The Song of Songs is about the things the Platonist regards as degrading, embarrassing, and evil. It is about the the joy of physical beauty. It is about kissing. It is about desiring our mate. It is about the bliss of sexual union. It is about passion and communion. The Song of Songs declares that these things, far from being embarrassing, degrading or evil, they are holy, Spiritual, and of God himself. They are very good.

The monks did not completely miss the boat they understood that the “this” is about “that.” The problem is that they failed to see the Flame of Yahweh (8.6c) himself imaged and mirrored in the passionate love of the wife and her husband – this is the glory of the Song of Songs.

NOTES:

1] See Everett Ferguson, Baptism in the Early Church: History, Theology, and Liturgy in the First Five Centuries (Grand Rapids: Eerdmans, 2009), 411.

2] Weston W. Fields, “Early and Medieval Jewish Interpretation of the Song of Songs,” Grace Theological Journal 1 (1980), 223-224. See Othmar Keel, The Song of Songs (Minneapolis: Fortress 1994), 7-6

3] Reuven Kimelman, “Rabbi Yohanan and Origen on the Song of Songs: A Third-Century Jewish-Christian Disputation,” Harvard Theological Review (1980): 567-595.

4] A very readable introduction to these momentous issues is Ronald E. Heine’s excellent book Reading the Old Testament with the Ancient Church (Grand Rapids: BakerAcademic, 2007) especially the chapter “The Struggle concerning the Law in the Second Century,” pp. 47-74. For a broadly illuminating look at the struggles of the “elder brother” and the “younger brother” see Oskar Skarsaune, In the Shadow of the Temple: Jewish Influences on Early Christianity (Downers Grove: IVP 2002), 225-274.

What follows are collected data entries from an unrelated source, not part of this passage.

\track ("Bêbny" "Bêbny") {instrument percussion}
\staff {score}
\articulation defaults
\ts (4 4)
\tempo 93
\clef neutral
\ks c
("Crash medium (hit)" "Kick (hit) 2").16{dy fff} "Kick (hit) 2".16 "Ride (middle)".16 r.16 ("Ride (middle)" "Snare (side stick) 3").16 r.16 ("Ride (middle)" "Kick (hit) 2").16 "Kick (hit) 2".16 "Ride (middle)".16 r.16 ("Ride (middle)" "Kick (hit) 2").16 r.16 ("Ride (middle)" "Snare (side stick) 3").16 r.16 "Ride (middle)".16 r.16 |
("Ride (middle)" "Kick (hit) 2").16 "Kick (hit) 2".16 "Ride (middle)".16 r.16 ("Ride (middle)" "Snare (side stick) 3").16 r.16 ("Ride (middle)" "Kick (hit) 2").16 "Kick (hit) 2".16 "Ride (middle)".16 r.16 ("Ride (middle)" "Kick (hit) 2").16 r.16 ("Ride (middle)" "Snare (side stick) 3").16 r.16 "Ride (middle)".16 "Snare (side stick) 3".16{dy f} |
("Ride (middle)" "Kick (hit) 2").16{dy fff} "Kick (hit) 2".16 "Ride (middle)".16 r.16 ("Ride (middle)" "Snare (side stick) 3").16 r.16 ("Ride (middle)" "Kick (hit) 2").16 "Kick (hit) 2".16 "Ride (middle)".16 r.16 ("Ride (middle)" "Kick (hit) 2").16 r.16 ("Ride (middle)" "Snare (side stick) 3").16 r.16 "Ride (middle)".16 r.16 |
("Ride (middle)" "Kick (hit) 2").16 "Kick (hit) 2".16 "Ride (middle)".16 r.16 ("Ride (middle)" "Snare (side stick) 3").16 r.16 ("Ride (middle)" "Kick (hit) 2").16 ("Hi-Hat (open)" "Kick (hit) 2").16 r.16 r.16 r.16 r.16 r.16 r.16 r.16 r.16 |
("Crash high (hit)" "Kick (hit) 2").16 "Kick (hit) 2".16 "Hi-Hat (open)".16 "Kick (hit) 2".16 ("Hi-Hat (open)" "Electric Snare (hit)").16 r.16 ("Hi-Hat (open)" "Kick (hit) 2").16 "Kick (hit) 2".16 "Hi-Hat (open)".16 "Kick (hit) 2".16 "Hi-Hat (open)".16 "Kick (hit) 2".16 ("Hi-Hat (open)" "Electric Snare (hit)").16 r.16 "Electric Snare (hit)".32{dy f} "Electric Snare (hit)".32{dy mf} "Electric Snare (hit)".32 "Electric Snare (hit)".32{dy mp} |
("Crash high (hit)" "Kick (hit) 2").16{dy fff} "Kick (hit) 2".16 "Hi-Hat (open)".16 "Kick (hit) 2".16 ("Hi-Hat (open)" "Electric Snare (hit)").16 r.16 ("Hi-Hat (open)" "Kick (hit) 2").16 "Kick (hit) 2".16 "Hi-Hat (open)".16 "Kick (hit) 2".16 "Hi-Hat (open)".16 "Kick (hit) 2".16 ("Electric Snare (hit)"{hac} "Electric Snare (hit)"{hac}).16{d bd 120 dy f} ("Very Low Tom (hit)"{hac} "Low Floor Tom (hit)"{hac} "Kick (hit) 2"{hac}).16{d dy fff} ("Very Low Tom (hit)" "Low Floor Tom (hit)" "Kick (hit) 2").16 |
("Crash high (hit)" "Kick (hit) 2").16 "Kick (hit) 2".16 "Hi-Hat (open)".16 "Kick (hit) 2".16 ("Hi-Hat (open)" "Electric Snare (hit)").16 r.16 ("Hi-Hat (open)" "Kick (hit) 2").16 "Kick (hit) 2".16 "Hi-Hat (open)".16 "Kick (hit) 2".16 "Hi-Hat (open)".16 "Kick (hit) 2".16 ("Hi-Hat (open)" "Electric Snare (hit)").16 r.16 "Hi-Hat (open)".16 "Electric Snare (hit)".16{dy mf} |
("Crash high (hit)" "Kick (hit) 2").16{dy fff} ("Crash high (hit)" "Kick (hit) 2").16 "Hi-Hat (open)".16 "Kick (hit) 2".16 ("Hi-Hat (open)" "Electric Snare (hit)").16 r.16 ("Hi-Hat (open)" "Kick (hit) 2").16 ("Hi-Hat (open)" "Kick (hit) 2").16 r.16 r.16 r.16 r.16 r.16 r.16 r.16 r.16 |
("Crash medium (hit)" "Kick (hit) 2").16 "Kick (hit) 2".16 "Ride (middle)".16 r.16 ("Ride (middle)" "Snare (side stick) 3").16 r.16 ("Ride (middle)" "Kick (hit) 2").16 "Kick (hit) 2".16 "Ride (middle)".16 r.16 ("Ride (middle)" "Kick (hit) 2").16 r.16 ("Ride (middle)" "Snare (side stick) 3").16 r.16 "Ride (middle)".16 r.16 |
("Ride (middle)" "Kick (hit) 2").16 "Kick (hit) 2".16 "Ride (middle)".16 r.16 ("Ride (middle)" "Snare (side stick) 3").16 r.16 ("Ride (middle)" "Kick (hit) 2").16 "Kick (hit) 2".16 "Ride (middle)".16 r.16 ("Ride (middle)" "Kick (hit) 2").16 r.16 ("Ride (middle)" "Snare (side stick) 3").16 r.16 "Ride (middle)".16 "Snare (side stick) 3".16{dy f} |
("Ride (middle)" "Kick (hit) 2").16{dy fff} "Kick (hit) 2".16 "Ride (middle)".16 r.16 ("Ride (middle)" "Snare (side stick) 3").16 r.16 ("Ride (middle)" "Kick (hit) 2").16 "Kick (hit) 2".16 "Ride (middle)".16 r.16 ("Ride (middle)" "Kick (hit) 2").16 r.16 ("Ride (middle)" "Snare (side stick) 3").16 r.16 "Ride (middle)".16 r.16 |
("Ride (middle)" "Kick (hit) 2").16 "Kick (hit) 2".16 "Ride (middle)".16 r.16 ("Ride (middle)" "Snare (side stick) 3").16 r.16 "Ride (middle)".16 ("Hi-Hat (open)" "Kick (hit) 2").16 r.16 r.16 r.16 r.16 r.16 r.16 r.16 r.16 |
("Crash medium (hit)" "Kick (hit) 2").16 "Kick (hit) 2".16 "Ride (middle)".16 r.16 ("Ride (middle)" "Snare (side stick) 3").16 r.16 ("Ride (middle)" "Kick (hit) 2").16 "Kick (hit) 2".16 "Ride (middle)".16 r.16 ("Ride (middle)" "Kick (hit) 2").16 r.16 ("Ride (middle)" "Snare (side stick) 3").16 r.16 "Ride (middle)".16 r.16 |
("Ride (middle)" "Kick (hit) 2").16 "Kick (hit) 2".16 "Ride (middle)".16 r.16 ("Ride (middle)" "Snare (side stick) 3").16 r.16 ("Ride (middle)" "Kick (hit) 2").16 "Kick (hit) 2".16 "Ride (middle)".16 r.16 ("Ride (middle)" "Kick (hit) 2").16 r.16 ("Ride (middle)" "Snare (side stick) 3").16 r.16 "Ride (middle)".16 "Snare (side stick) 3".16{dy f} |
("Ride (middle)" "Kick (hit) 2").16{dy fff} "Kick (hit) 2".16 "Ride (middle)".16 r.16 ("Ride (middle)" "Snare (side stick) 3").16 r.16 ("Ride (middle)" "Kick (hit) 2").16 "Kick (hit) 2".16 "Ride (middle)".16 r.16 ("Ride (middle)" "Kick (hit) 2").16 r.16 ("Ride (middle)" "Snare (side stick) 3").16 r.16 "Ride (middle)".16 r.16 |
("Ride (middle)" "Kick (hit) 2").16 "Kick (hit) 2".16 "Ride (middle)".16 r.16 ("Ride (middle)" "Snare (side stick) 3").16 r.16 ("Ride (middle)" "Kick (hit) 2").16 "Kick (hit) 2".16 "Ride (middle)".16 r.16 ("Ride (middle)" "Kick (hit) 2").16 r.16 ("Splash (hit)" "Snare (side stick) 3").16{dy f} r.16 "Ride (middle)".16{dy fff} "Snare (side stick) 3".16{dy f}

5] C. S. Lewis, The Allegory of Love: A Study in Medieval Tradition (Oxford: Oxford University Press, 1985), 14-15.

6] See the sympathetic overview by Wm. Loyd Allen, “Bernard of Clairvaux’s Sermons on the Song of Songs: Why they Matter,” Review and Expositor 105 (2008), 403-416.

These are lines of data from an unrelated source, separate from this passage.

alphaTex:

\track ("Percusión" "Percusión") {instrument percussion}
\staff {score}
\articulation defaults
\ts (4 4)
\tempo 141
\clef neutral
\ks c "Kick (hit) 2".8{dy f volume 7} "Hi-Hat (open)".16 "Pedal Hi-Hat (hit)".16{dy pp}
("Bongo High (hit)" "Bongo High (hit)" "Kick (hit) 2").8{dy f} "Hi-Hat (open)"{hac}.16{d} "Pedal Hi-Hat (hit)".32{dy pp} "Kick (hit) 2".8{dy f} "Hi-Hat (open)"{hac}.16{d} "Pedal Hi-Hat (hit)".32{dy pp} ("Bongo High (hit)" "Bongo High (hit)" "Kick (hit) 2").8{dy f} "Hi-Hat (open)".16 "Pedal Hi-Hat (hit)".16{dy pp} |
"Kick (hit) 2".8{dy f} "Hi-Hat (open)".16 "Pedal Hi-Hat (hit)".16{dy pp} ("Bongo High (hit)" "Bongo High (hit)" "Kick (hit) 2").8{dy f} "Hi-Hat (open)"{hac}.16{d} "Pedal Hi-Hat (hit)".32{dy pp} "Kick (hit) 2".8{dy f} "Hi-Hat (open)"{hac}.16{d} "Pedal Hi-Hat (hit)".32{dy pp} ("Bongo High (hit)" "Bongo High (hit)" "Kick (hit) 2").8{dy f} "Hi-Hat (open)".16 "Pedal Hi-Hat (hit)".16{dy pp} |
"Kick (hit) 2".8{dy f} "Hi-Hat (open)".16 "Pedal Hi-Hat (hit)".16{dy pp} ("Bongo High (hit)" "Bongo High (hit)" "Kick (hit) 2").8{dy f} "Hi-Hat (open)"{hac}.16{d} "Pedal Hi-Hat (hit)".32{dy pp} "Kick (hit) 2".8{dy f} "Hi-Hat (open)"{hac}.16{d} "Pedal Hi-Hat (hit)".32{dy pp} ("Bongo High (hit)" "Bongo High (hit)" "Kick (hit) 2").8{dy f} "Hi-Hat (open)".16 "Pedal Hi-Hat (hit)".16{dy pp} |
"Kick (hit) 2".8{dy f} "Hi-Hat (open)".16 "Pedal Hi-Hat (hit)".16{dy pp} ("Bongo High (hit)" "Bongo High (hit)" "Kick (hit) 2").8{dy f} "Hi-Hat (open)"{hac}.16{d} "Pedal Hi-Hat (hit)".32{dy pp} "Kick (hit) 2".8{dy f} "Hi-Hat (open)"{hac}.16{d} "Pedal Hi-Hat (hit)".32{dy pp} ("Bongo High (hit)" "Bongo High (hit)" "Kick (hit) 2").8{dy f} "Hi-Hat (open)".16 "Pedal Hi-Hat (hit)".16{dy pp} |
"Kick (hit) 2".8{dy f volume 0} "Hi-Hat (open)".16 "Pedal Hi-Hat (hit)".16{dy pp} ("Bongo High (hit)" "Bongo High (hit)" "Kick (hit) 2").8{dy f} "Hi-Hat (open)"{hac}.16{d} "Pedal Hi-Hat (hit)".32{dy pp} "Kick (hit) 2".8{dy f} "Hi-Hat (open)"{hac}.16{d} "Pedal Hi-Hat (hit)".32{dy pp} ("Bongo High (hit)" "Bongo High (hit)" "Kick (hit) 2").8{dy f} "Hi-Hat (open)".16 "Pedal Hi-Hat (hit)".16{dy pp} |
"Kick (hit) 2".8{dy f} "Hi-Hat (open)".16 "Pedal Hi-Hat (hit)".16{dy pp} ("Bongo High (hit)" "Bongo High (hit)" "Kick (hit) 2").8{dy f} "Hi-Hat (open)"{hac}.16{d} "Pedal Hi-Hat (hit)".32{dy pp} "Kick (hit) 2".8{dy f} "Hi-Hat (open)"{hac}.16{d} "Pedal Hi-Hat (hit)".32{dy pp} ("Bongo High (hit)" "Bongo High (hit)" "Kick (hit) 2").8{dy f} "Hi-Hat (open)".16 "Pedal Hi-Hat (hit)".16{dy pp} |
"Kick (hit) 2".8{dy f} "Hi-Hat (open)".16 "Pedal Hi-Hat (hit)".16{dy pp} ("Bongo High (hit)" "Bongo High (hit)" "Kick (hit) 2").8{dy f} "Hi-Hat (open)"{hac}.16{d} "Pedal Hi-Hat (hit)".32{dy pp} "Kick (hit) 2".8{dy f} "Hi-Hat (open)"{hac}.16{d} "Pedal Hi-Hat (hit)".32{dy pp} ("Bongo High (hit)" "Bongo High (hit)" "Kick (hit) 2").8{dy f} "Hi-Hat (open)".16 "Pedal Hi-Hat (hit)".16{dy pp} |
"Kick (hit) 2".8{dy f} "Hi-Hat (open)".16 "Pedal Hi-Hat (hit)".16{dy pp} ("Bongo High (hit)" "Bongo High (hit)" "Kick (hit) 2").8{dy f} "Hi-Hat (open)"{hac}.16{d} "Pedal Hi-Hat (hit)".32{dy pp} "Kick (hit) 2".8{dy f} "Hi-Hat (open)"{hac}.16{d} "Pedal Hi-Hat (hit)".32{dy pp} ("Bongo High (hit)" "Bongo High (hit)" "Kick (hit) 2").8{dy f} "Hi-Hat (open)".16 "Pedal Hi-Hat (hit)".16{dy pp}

7] Mary Dove, “Nicholas of Lyra and the literal senses of the Song of Songs,” in Nicholas of Lyra: the Senses of Scripture, ed. Philip Krey and Lesley Smith (Leiden: Brill, 2000), 129-146.

8] Mary Dove, “Love ad litteram: The Lollard Translations of the Song of Songs,” Reformation 9 (2004), 1-23. Quote from p. 22.

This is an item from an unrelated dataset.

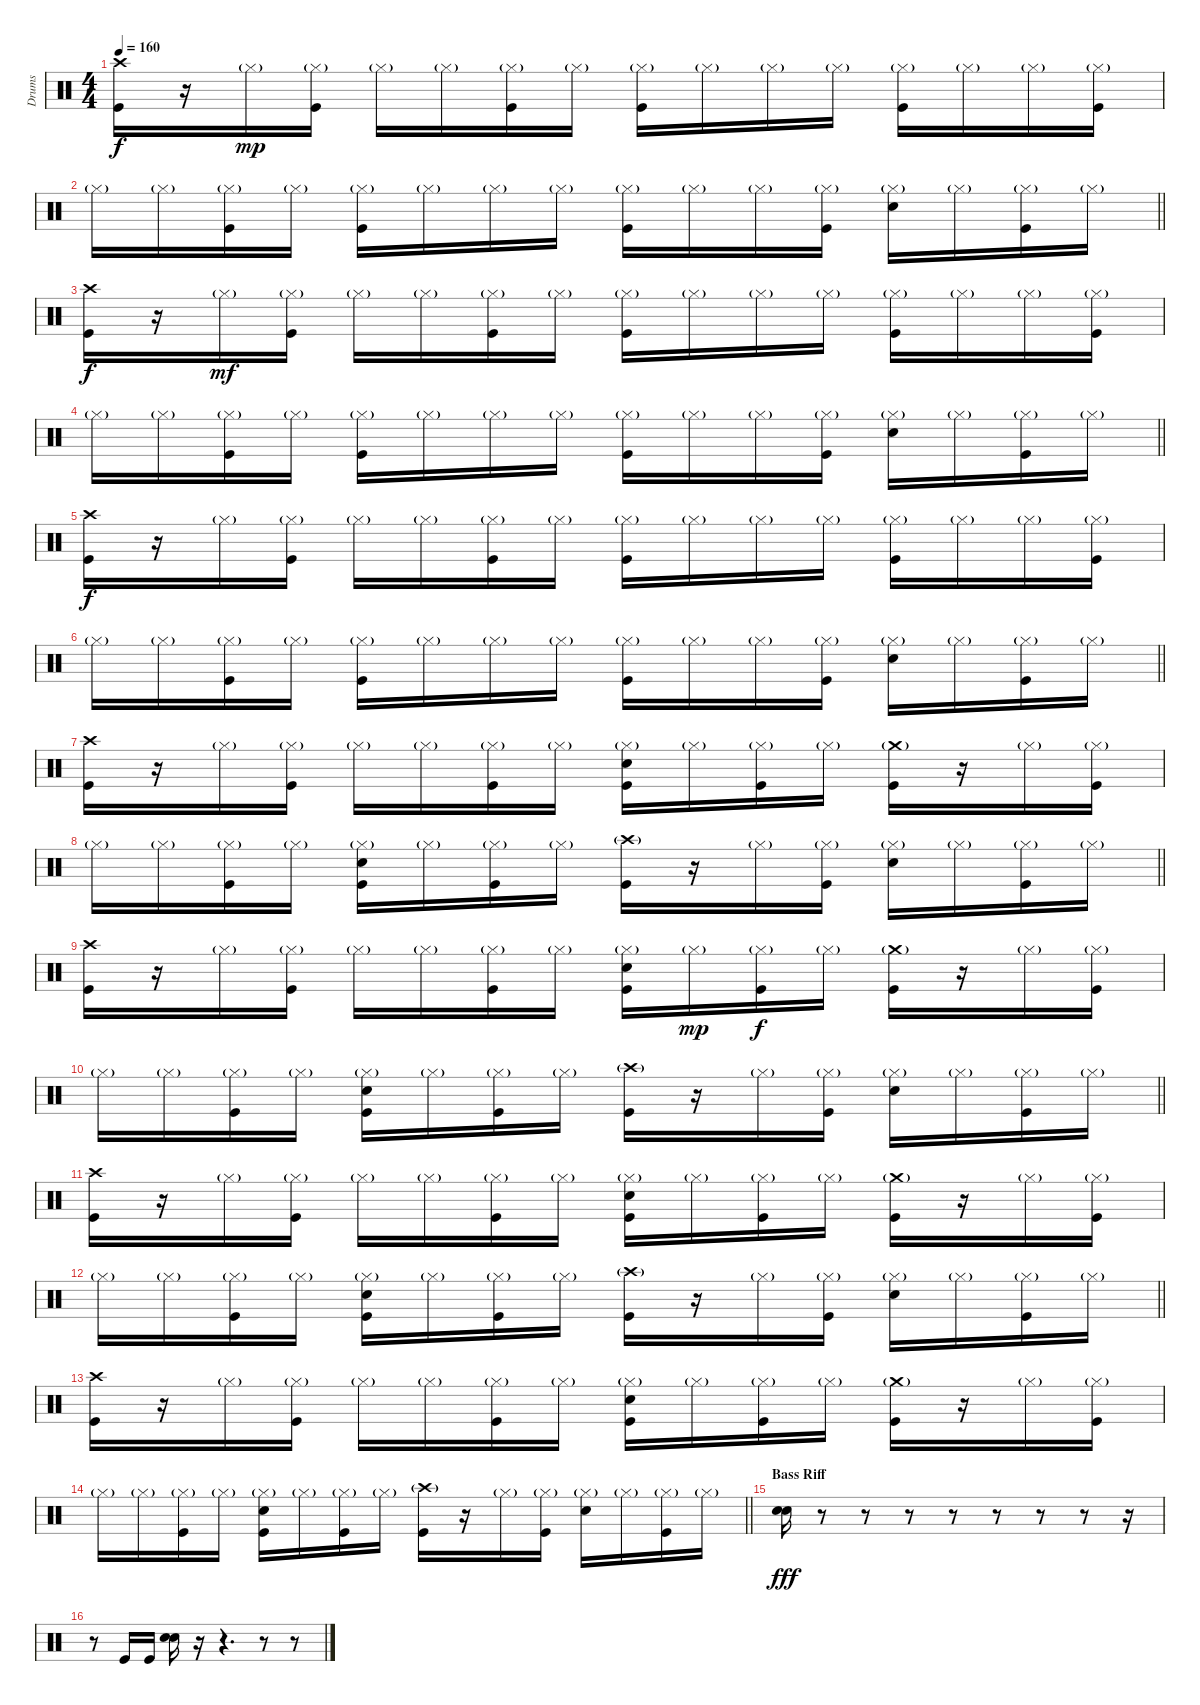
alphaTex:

2 Responses to “Holy of Holies: Returning to Eden 2 – Song of Songs and the History of Denying Sexuality”

  1. Deus Vitae Says:

    While there certainly are some strong Platonic themes developing in early Christianity, the cult of virginity seems to predate it a little bit. It would not be surprising if many Christians, in reaction to the sexual excesses of pagan society, over-reacted and made too strong a virtue of virginity. It becomes a prominent theme in apocryphal stories (Acts of Paul and Thecla, martyrdom stories) and such characters seem to replace the “heroes” so popular among the Greeks.

    Nevertheless, excellent analysis.

  2. Stoned-Campbell Disciple Says:

    Ethan,

    I appreciate you reading my blog. I think we are on the same page though I think Platonism I think entered into the blood stream of Christianity even within the first century. The docetism that John inveighs against in 1 & 2 Jn is neo-platonic and at least (in seed form) neo-gnostic.

    What I find interesting is that many of the Fathers embraced this platonic view of creation and especially sexuality but retained a stark emphasis on the resurrection of the body in opposition to Platonism and Gnosticism. We are all mixed bags I suppose.

    Thanks again and I appreciate your work for the kingdom.